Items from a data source
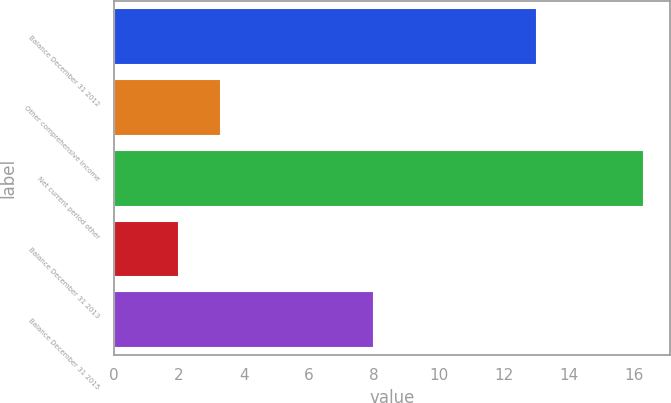Convert chart. <chart><loc_0><loc_0><loc_500><loc_500><bar_chart><fcel>Balance December 31 2012<fcel>Other comprehensive income<fcel>Net current period other<fcel>Balance December 31 2013<fcel>Balance December 31 2015<nl><fcel>13<fcel>3.3<fcel>16.3<fcel>2<fcel>8<nl></chart> 
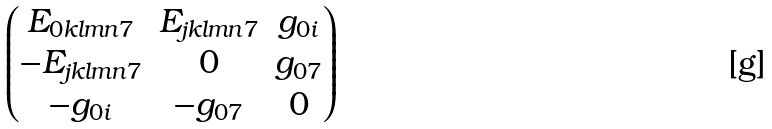Convert formula to latex. <formula><loc_0><loc_0><loc_500><loc_500>\begin{pmatrix} E _ { 0 k l m n 7 } & E _ { j k l m n 7 } & g _ { 0 i } \\ - E _ { j k l m n 7 } & 0 & g _ { 0 7 } \\ - g _ { 0 i } & - g _ { 0 7 } & 0 \end{pmatrix}</formula> 
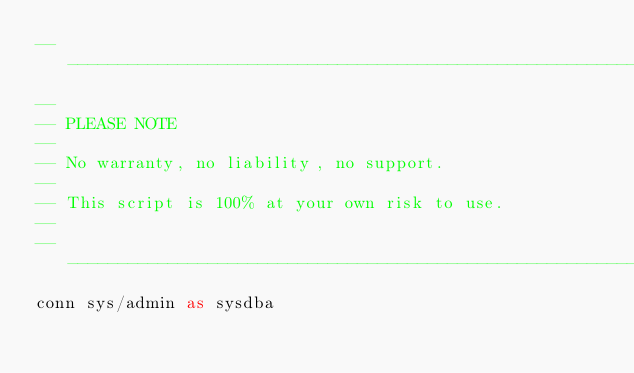Convert code to text. <code><loc_0><loc_0><loc_500><loc_500><_SQL_>-------------------------------------------------------------------------------
--
-- PLEASE NOTE
-- 
-- No warranty, no liability, no support.
--
-- This script is 100% at your own risk to use.
--
-------------------------------------------------------------------------------
conn sys/admin as sysdba
</code> 
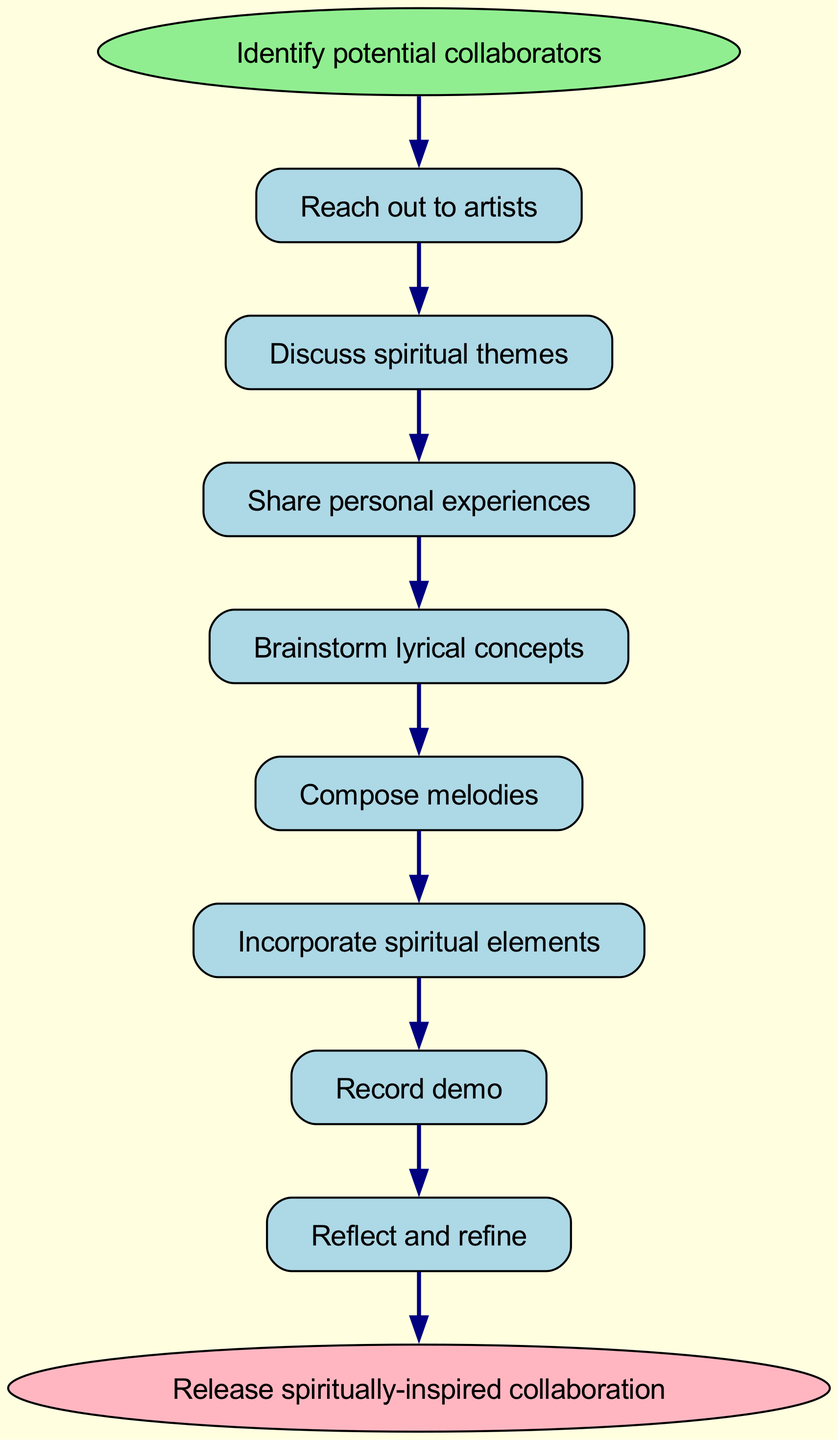What is the first step in the collaboration process? The flow chart starts with the node labeled "Identify potential collaborators," which indicates that this is the initial step in the process of collaborating on spiritually-inspired music projects.
Answer: Identify potential collaborators How many steps are there in the process? By counting each step in the flow chart, we see that there are eight distinct steps listed before the final endpoint of the collaboration.
Answer: Eight What is the last step in the collaboration process? The last step, as indicated in the flow chart, is "Release spiritually-inspired collaboration," which signifies the completion of the process.
Answer: Release spiritually-inspired collaboration Which step comes after "Brainstorm lyrical concepts"? In the flow chart, the next step after "Brainstorm lyrical concepts" is "Compose melodies," following the progression of the collaboration steps.
Answer: Compose melodies What two steps are connected directly by an edge after "Reflect and refine"? The flow chart shows that "Reflect and refine" is connected directly to "Final recording," indicating that these two steps occur sequentially.
Answer: Final recording Which step involves sharing personal experiences? The flow chart indicates that the step "Share personal experiences" is specifically dedicated to sharing individual insights and narratives, which is vital for a spiritually-inspired collaboration.
Answer: Share personal experiences In how many steps is the spiritual aspect incorporated into the process? The flow chart highlights that "Incorporate spiritual elements" is one distinct step, emphasizing the integration of spirituality within the overall collaboration process.
Answer: One What is the relationship between "Discuss spiritual themes" and "Share personal experiences"? The flow chart illustrates that "Discuss spiritual themes" precedes "Share personal experiences," showing a linear progression where themes are first discussed before personal narratives are shared.
Answer: Preceding step What is the purpose of the "Record demo" step? This step in the flow chart represents the phase where the actual recording of the musical collaboration occurs, serving as a foundational component before refining the project.
Answer: Actual recording 
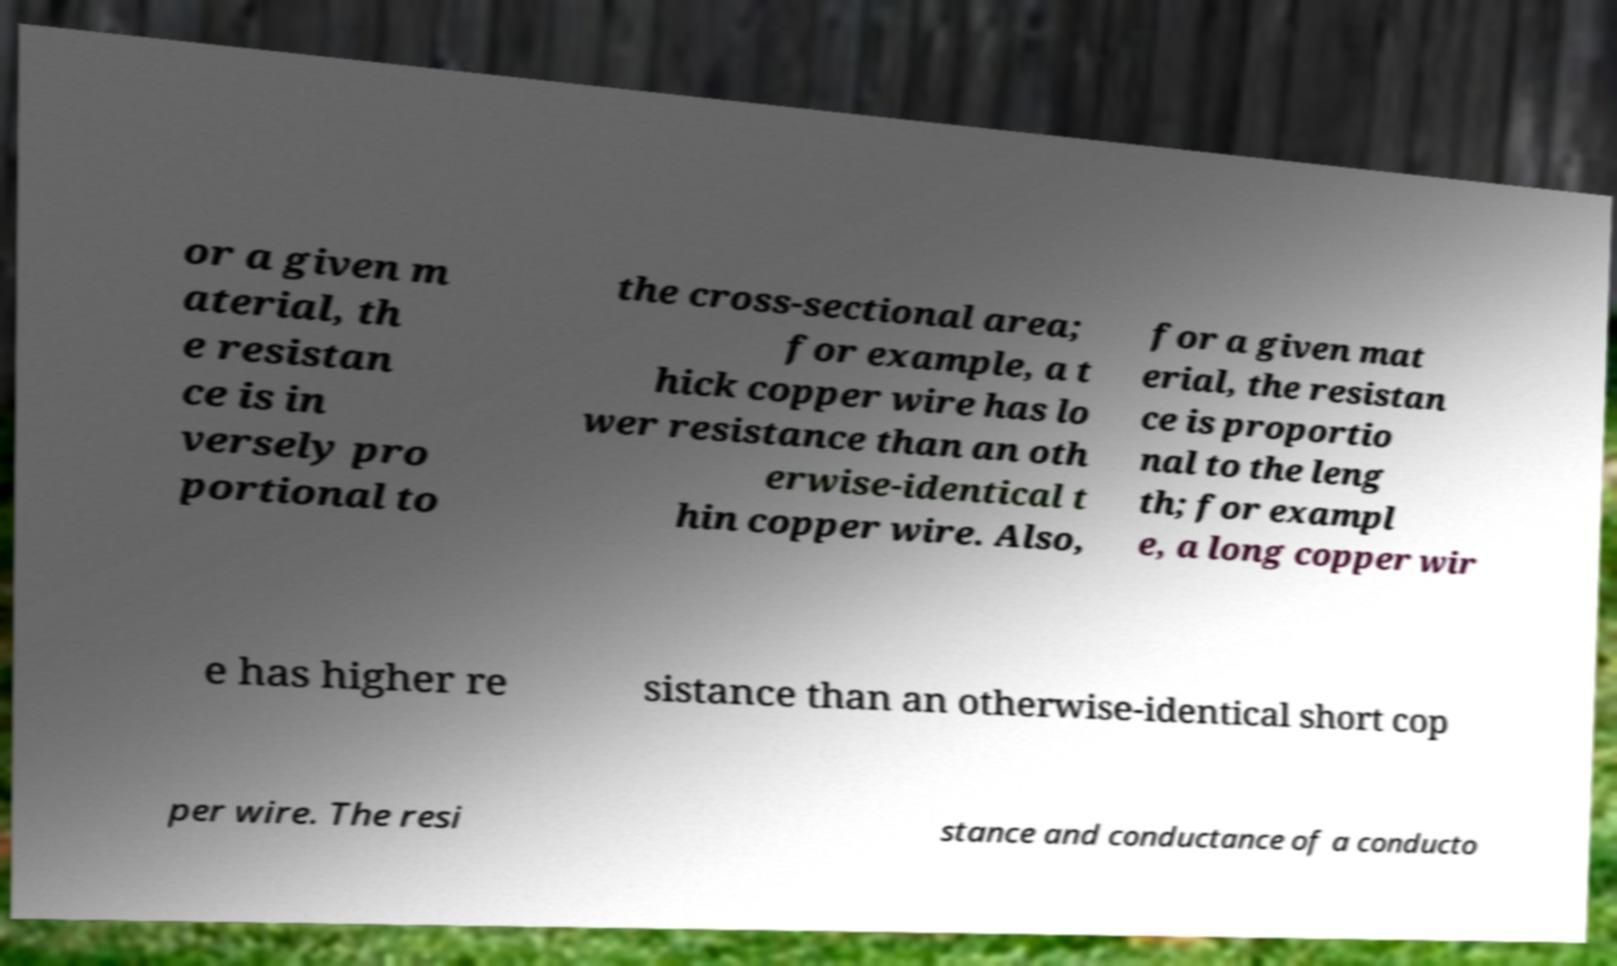Could you extract and type out the text from this image? or a given m aterial, th e resistan ce is in versely pro portional to the cross-sectional area; for example, a t hick copper wire has lo wer resistance than an oth erwise-identical t hin copper wire. Also, for a given mat erial, the resistan ce is proportio nal to the leng th; for exampl e, a long copper wir e has higher re sistance than an otherwise-identical short cop per wire. The resi stance and conductance of a conducto

Activity ▸
A word-for-word copy of the records is needed, one that contains no pictures.

Result of this exercise ▸
Convert chart. <chart><loc_0><loc_0><loc_500><loc_500><bar_chart><fcel>Balance December 31 2012<fcel>Other comprehensive income<fcel>Net current period other<fcel>Balance December 31 2013<fcel>Balance December 31 2015<nl><fcel>13<fcel>3.3<fcel>16.3<fcel>2<fcel>8<nl></chart> 
Convert formula to latex. <formula><loc_0><loc_0><loc_500><loc_500>\begin{pmatrix} E _ { 0 k l m n 7 } & E _ { j k l m n 7 } & g _ { 0 i } \\ - E _ { j k l m n 7 } & 0 & g _ { 0 7 } \\ - g _ { 0 i } & - g _ { 0 7 } & 0 \end{pmatrix}</formula> 
Convert code to text. <code><loc_0><loc_0><loc_500><loc_500><_SQL_>-------------------------------------------------------------------------------
--
-- PLEASE NOTE
-- 
-- No warranty, no liability, no support.
--
-- This script is 100% at your own risk to use.
--
-------------------------------------------------------------------------------
conn sys/admin as sysdba
</code> 
What is the first step in the collaboration process? The flow chart starts with the node labeled "Identify potential collaborators," which indicates that this is the initial step in the process of collaborating on spiritually-inspired music projects.
Answer: Identify potential collaborators How many steps are there in the process? By counting each step in the flow chart, we see that there are eight distinct steps listed before the final endpoint of the collaboration.
Answer: Eight What is the last step in the collaboration process? The last step, as indicated in the flow chart, is "Release spiritually-inspired collaboration," which signifies the completion of the process.
Answer: Release spiritually-inspired collaboration Which step comes after "Brainstorm lyrical concepts"? In the flow chart, the next step after "Brainstorm lyrical concepts" is "Compose melodies," following the progression of the collaboration steps.
Answer: Compose melodies What two steps are connected directly by an edge after "Reflect and refine"? The flow chart shows that "Reflect and refine" is connected directly to "Final recording," indicating that these two steps occur sequentially.
Answer: Final recording Which step involves sharing personal experiences? The flow chart indicates that the step "Share personal experiences" is specifically dedicated to sharing individual insights and narratives, which is vital for a spiritually-inspired collaboration.
Answer: Share personal experiences In how many steps is the spiritual aspect incorporated into the process? The flow chart highlights that "Incorporate spiritual elements" is one distinct step, emphasizing the integration of spirituality within the overall collaboration process.
Answer: One What is the relationship between "Discuss spiritual themes" and "Share personal experiences"? The flow chart illustrates that "Discuss spiritual themes" precedes "Share personal experiences," showing a linear progression where themes are first discussed before personal narratives are shared.
Answer: Preceding step What is the purpose of the "Record demo" step? This step in the flow chart represents the phase where the actual recording of the musical collaboration occurs, serving as a foundational component before refining the project.
Answer: Actual recording 
Could you extract and type out the text from this image? or a given m aterial, th e resistan ce is in versely pro portional to the cross-sectional area; for example, a t hick copper wire has lo wer resistance than an oth erwise-identical t hin copper wire. Also, for a given mat erial, the resistan ce is proportio nal to the leng th; for exampl e, a long copper wir e has higher re sistance than an otherwise-identical short cop per wire. The resi stance and conductance of a conducto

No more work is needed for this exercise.